Israel says three Palestinian suspects arrested over deadly blast
Israeli security forces on Saturday said three Palestinian suspects had been arrested in the murder of an Israeli teenager in a bombing in the occupied West Bank in August.
Statements by domestic security agency Shin Bet and the police alleged the three were active members of the Popular Front for the Liberation of Palestine (PFLP), designated a "terrorist group" by Israel, the US and the European Union, AFP reported.
The bomb exploded on 23 August near a spring that serves as a swimming pool near the illegal Jewish settlement of Dolev, northeast of Ramallah, killing 17-year-old Israeli Rina Shnerb and wounding her father and brother.

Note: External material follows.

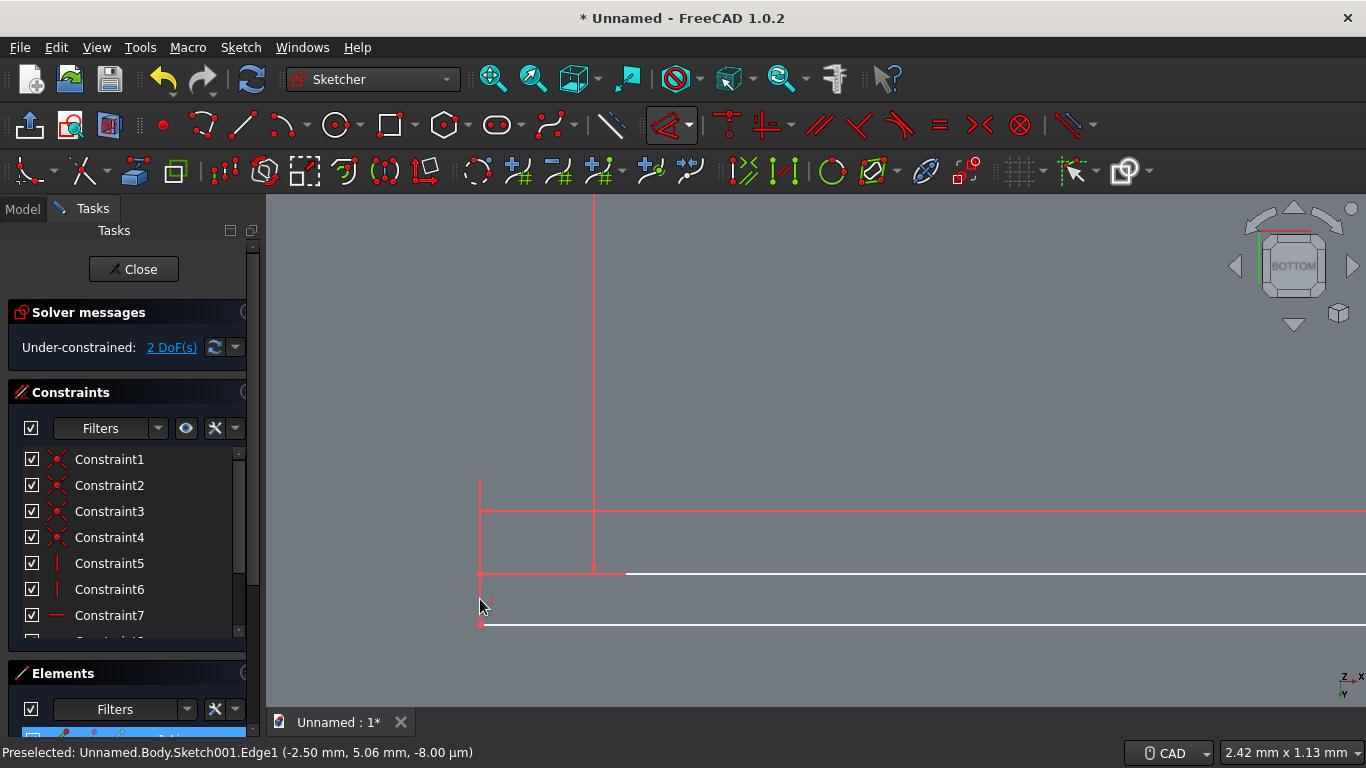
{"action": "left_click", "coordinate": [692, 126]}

"In a joint operation between Shin Bet, the army and the Israeli police, the perpetrators of the... attack have been found and arrested," the domestic security agency and police said in near-identical statements on Saturday.
The statements identified the Palestinian suspects as "residents of the Ramallah area active within the" PFLP.

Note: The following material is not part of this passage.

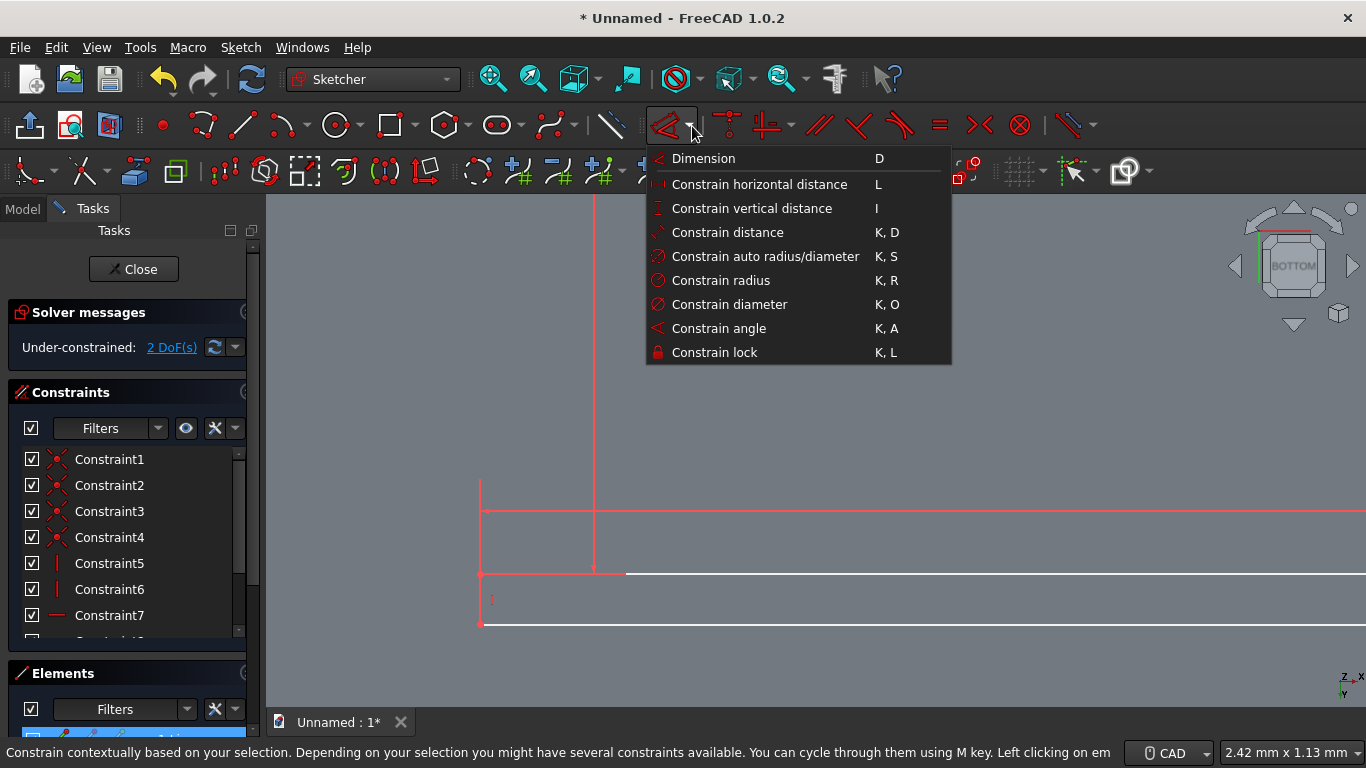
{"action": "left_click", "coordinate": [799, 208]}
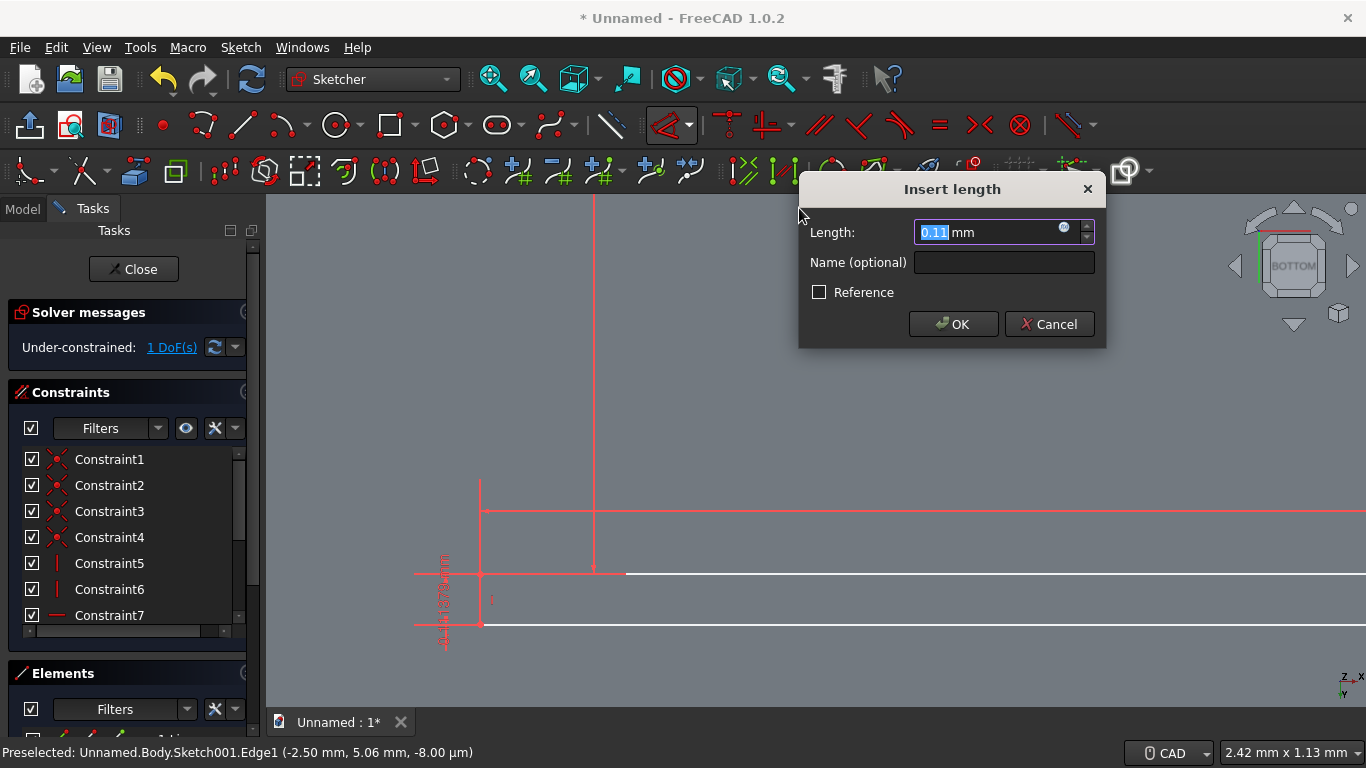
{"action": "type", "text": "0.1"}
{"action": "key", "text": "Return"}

The mastermind behind the attack was alleged to be 44-year-old Samar Arvid from Ramallah, who is considered one of PFLP’s senior officials in the West Bank, Israel's Ynet news website reported.

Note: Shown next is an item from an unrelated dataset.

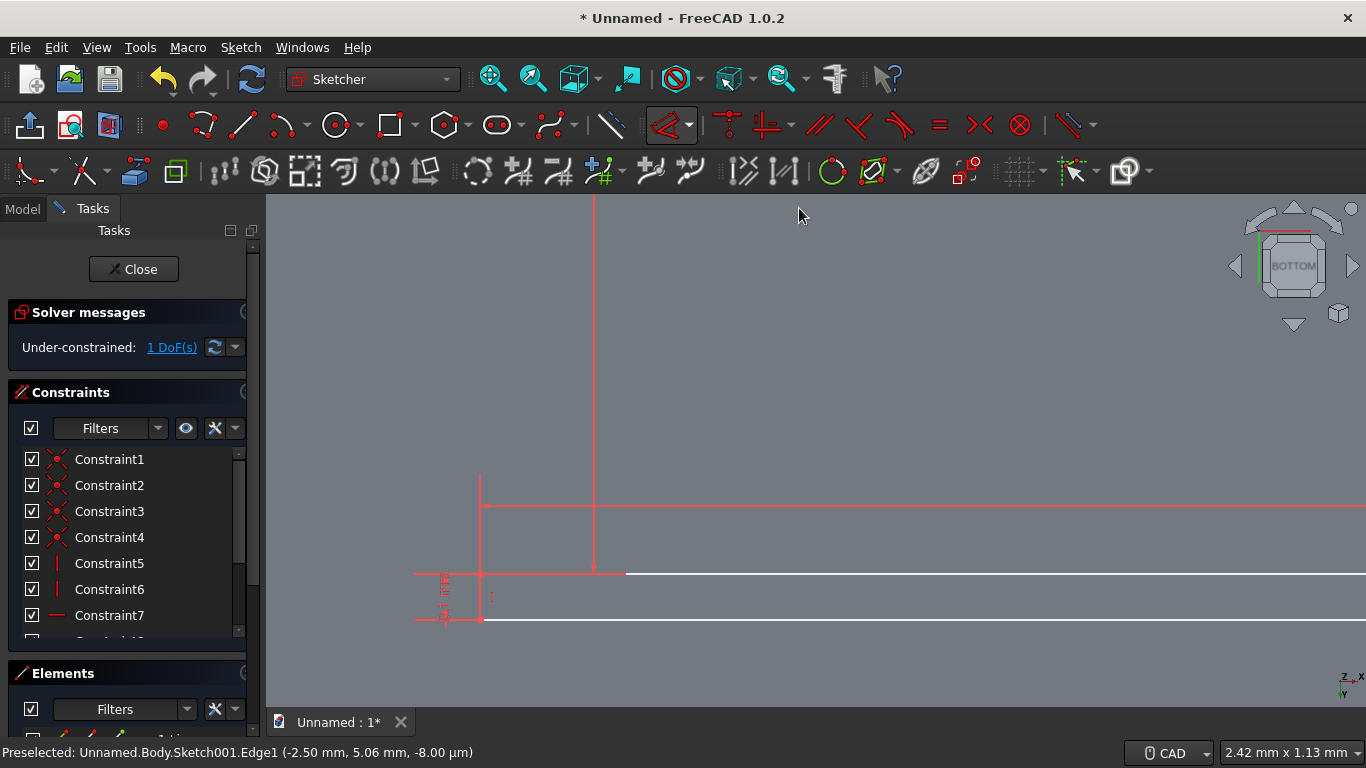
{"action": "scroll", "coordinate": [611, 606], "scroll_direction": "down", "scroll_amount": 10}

According to the military, Arvid built the bomb and detonated it when he noticed the Shnerb family approaching the area. He had been arrested in the past, primarily during the Second Intifada of 2002-2005, Ynet added.
The PFLP carried out several plane hijackings in the 1960s and 1970s but has lost traction in recent years in the Palestinian territories. Shin Bet added that the "cell was preparing other attacks when the arrests occurred, notably gun attacks and kidnappings".
The police said that the arrests of the three had taken place "several weeks ago", without giving specific dates.
Security forces had said the day after the bomb attack that several suspects had been arrested and transferred for further questioning.
No Palestinian group has taken responsibility for the blast.
Israeli Prime Minister Benjamin Netanyahu on 26 August ordered hundreds of new settler homes to be built near the site of the bomb attack.
Palestinians sporadically attack Israelis in the West Bank, which has been occupied by Israel since 1967, but bomb attacks have been rare. Palestinian attacks have mostly involved guns, knives and car rammings.
More than 600,000 Jews live in about 140 settlements built in the West Bank since Israel occupied the territory in the 1967 Middle East war. Israeli settlements in the West Bank, where about 2.5 million Palestinians live, are illegal under international law.